This excerpt taken from the AYR DEF 14A filed Apr 3, 2009.
The Company welcomes comments or suggestions from its shareholders. Under SEC rules, if a shareholder wishes to submit a proposal to be considered for inclusion in our proxy statement for the 2010 Annual General Meeting of Shareholders, the Company must receive the proposal in writing on or before December 4, 2009. Such proposals should comply with SEC rule 14a-8 and should be sent to the Secretary of Aircastle Limited, c/o Aircastle Advisor LLC, 300 First Stamford Place, 5th Floor, Stamford, CT 06902.
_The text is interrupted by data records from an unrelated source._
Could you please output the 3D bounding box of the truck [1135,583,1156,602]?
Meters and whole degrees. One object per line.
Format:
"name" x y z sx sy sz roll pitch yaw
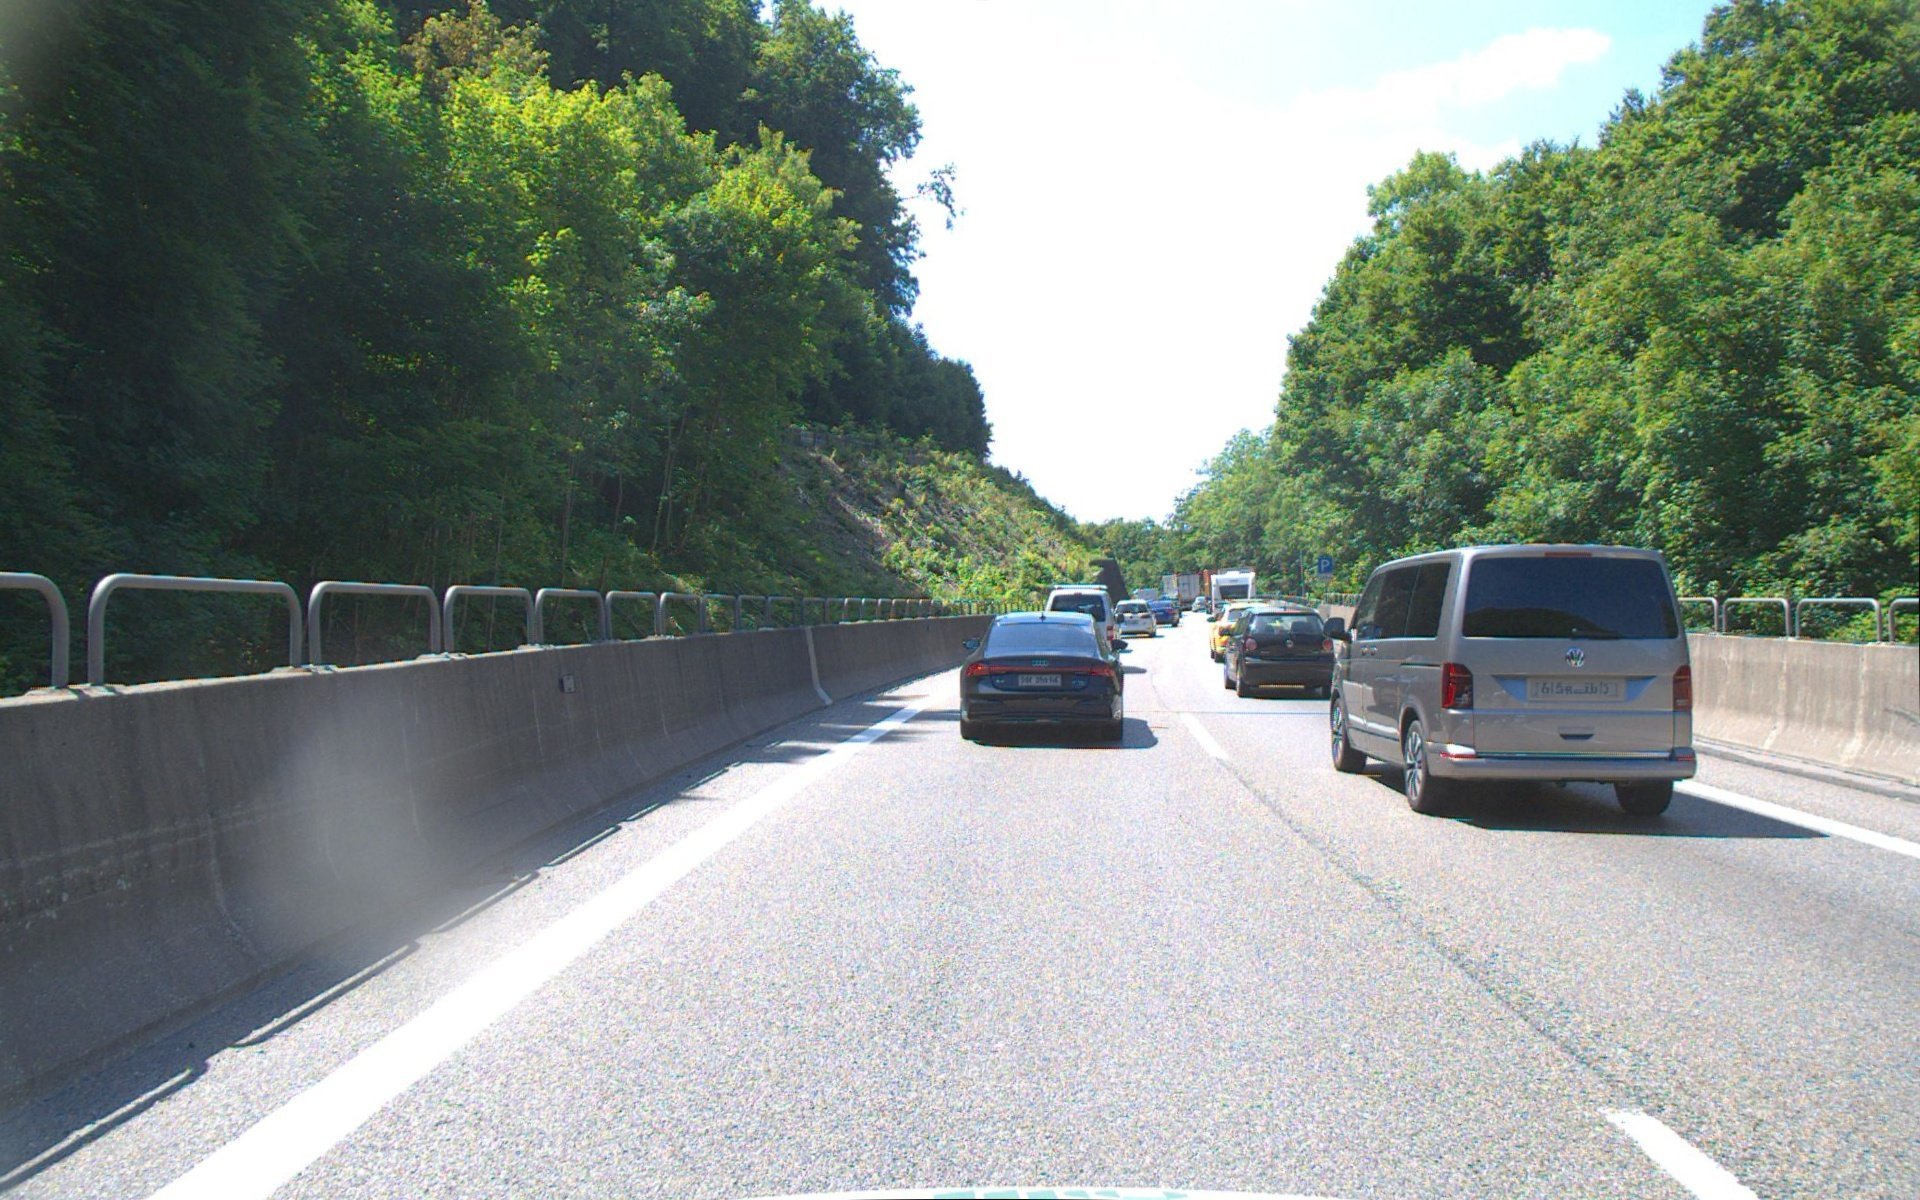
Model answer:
"truck" 20.130 -0.792 179.284 1.952 2.049 4.001 0 0 2

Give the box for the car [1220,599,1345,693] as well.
"car" 5.451 0.745 28.357 1.649 1.484 4.002 0 0 4

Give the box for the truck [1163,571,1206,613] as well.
"truck" 24.876 -0.804 183.768 3.635 4.583 7.721 0 0 -1

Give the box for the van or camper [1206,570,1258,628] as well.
"van or camper" 14.191 -0.024 86.411 2.548 2.905 6.341 -1 0 9

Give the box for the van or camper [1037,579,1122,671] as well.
"van or camper" 2.774 0.543 37.830 1.814 1.976 4.167 0 0 5

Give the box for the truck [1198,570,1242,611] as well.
"truck" 22.771 -0.776 145.230 3.097 3.529 8.225 0 0 3

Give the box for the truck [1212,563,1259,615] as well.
"truck" 20.413 -0.797 122.977 2.863 3.752 7.729 0 0 5

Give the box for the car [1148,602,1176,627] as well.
"car" 12.985 0.937 106.168 1.713 1.598 3.774 -1 0 8

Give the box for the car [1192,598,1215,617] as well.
"car" 24.274 0.746 165.219 1.952 1.892 4.002 0 0 3

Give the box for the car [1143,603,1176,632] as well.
"car" 11.101 0.959 91.818 1.713 1.598 3.774 -1 0 8

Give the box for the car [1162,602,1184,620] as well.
"car" 19.303 1.007 150.199 1.714 1.598 3.773 0 0 4

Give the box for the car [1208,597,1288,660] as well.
"car" 7.276 0.695 42.023 1.770 1.503 4.084 -1 0 7

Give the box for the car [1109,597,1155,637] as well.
"car" 7.183 0.688 69.344 1.855 1.612 3.773 0 0 4

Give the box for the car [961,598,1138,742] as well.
"car" 0.972 0.755 19.814 1.865 1.515 4.379 0 0 0

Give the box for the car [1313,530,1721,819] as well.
"car" 4.314 0.524 13.687 1.900 1.965 4.695 0 0 2

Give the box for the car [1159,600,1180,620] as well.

If a shareholder wishes to submit a proposal for business to be brought before the 2010 Annual General Meeting of Shareholders outside of SEC rule 14a-8, including with respect to shareholder nominations of directors, notice of such matter must be received by the Company, in accordance with the provisions of the Companys Bye-laws, no earlier than January 13, 2010 and no later than February 12, 2010. Notice of any such proposal also must include the information specified in our Bye-laws and should be sent to the Secretary of Aircastle Limited, c/o Aircastle Advisor LLC, 300 First Stamford Place, 5th Floor, Stamford, CT 06902. In order for a proposal to be considered timely for purposes of Rule 14a-4(c), such proposal must be received no later than February 12, 2010. In addition to our Bye-laws, please see page 10 of this proxy statement for a description of the procedures to be followed by a shareholder who wishes to recommend a director candidate to the Nominating and Corporate Governance Committee for its consideration.
Additionally, under Bermuda law, shareholders holding not less than five percent of the total voting rights or 100 or more shareholders together may require us to give notice to our shareholders of a proposal to be submitted at an annual general meeting. Generally, notice of such a proposal must be received by us at our registered office in Bermuda (located at Clarendon House, 2 Church Street, Hamilton, HM 11, Bermuda) not less than six weeks before the date of the meeting and must otherwise comply with the requirements of Bermuda law.